J’ai lu ces Trois contes pour avoir un premier contact avec ce monument de la littérature française qu’est Flaubert, et je dois bien dire que, si je n’ai pas non plus été subjugué, ma curiosité a tout de même été bel et bien piquée. Ce court ouvrage vaut vraiment le détour.
Le premier de ces Trois contes est assez simple, certes, mais il est tout de même assez touchant. Il dépeint la vie de Félicité, une domestique de province. Le récit qui se déploie est alors celui d’une vie ingrate ; en raison des diverses difficultés propres à la condition de domestique, d'abord, mais aussi ( et surtout ) en raison des aléas de la vie en général. En tout cas, en dépit de sa simplicité, ce conte n’en conserve pas moins certaines fulgurances littéraires ci et là. Mais surtout, il fonctionne grâce au portrait attendrissant et pathétique de Félicité, qui est d’une grande justesse. Ce conte, s’il n’est donc pas forcément très marquant selon moi, demeure de très bonne facture.

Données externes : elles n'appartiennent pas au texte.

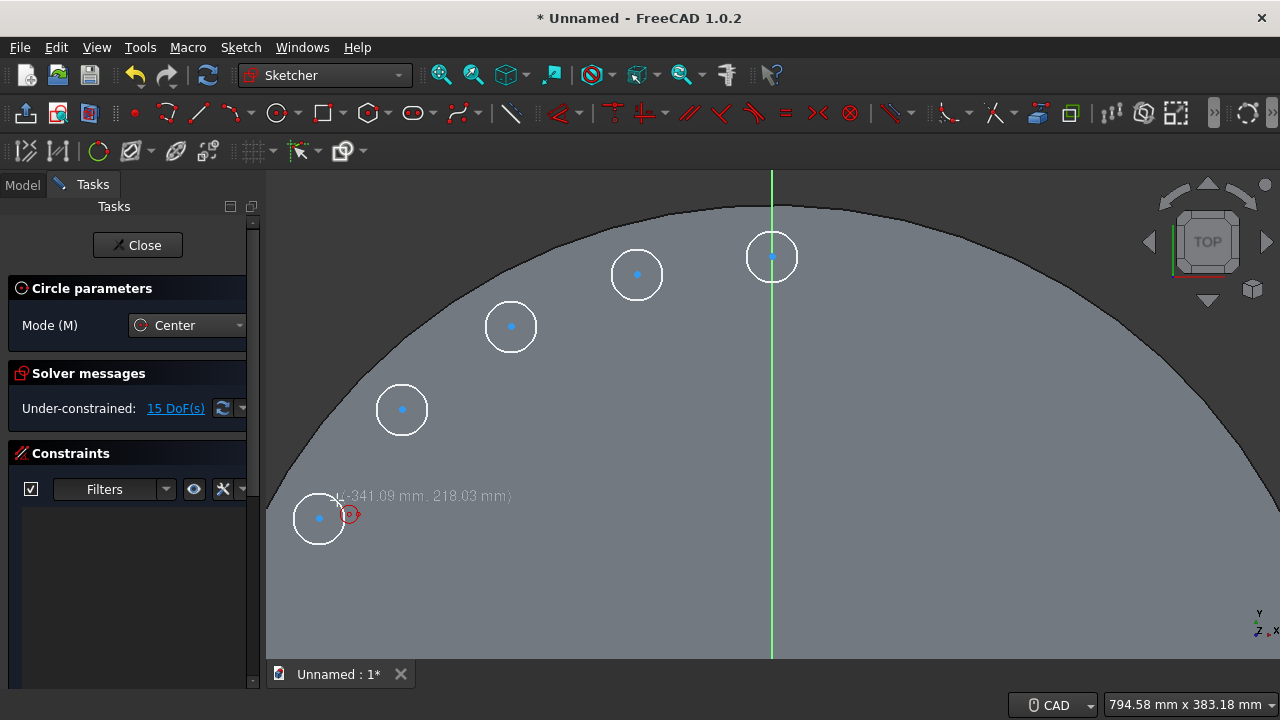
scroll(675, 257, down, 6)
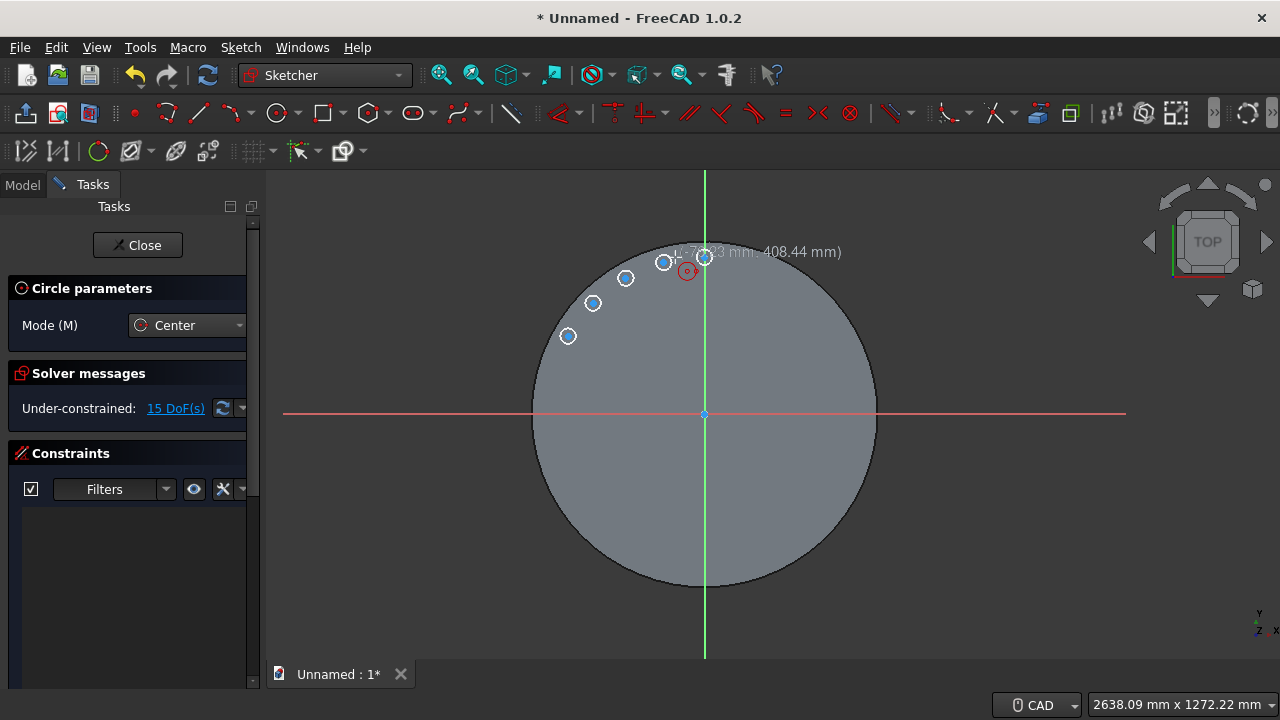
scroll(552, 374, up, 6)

Le deuxième récit est probablement le plus frappant et le plus puissant. Situé dans une époque médiévale au parfum de légende, ce deuxième conte est parcouru par un souffle épique et mystique qui le traverse dès les premières pages. Riche en images saisissantes, cette histoire apparaît comme un périple aventureux et mystérieux frappé du sceau de la fatalité et dans lequel, au milieu des batailles et des récits épiques, se joue l’itinéraire mystique d’un homme torturé qui passera de la grandeur à la misère avant d’accéder au Salut. Flaubert fait avec ce conte une merveilleuse synthèse d’éléments répartis dans les deux autres contes. Le premier insiste plus sur la dimension réaliste du récit, même si, toutefois, dans plusieurs passages, il y a quelques pointes religieuses et spirituelles ( notamment avec ce fameux perroquet qui apparaît comme le Saint-Esprit ) ; le troisième, en tant que récit biblique, apparaît en revanche comme une histoire légendaire absolue, de par son décor, de par ses personnages et, surtout, de par son sujet ; mais ce deuxième conte allie ces différents éléments de façon équilibrée dans un seul et même ensemble tout à fait grandiose.
Le troisième conte est peut-être celui qui a le plus résonné en moi. Il est vrai qu'il est quelque peu confus de par le nombre de ses personnages et légèrement inégal quant à son rythme. Mais le récit qui s’y déploie est envoûtant, languissant et mélancolique ( ce qui est surtout dû au personnage d’Antipas, roi très humain et qui semble ici dépassé par les événements plus que cruel ). Mais, ce qui est vraiment réussi dans ce troisième et dernier conte, c’est son atmosphère, son ambiance ; et cela vient du contexte du conte. Il s’agit, en effet, du récit Évangélique d’Hérode, de Jean-Baptiste et de la danse de Salomé. C’est cet univers légendaire, ancien, lointain, si mystérieux, que Flaubert parvient à retranscrire et à décrire pour nous y immerger. Flaubert donne vie, avec un style réaliste qui accentue la tangibilité de l’action et des personnages, à cet environnement et à ces personnages qui sont tellement ancrés dans notre imaginaire collectif et dans notre patrimoine culturel. On a vraiment l’impression de se transporter dans ces histoires fondatrices des Écritures et de les voir se dérouler devant nous. Aussi, ce conte apparaît comme l’occasion pour Flaubert de satisfaire ses fantasmes orientalistes ( et, du même coup, les nôtres ). A cet égard, les descriptions sont toutes plus somptueuses les unes que les autres ; elles sollicitent notre imaginaire et stimulent nos sens. Parures féminines, sensualité, faste, palais, banquets… tout ce qui fait le charme de ce monde antique qui suscite tant notre curiosité est ici convoqué avec inspiration et finesse pour élaborer des images fortes et évocatrices. J’ai pris goût, du début à la fin, à me laisser transporter dans cette Palestine de l’Empire Romaine, sablonneuse et illuminée par un soleil de plomb.
Un bel ouvrage donc, qui vaut le détour.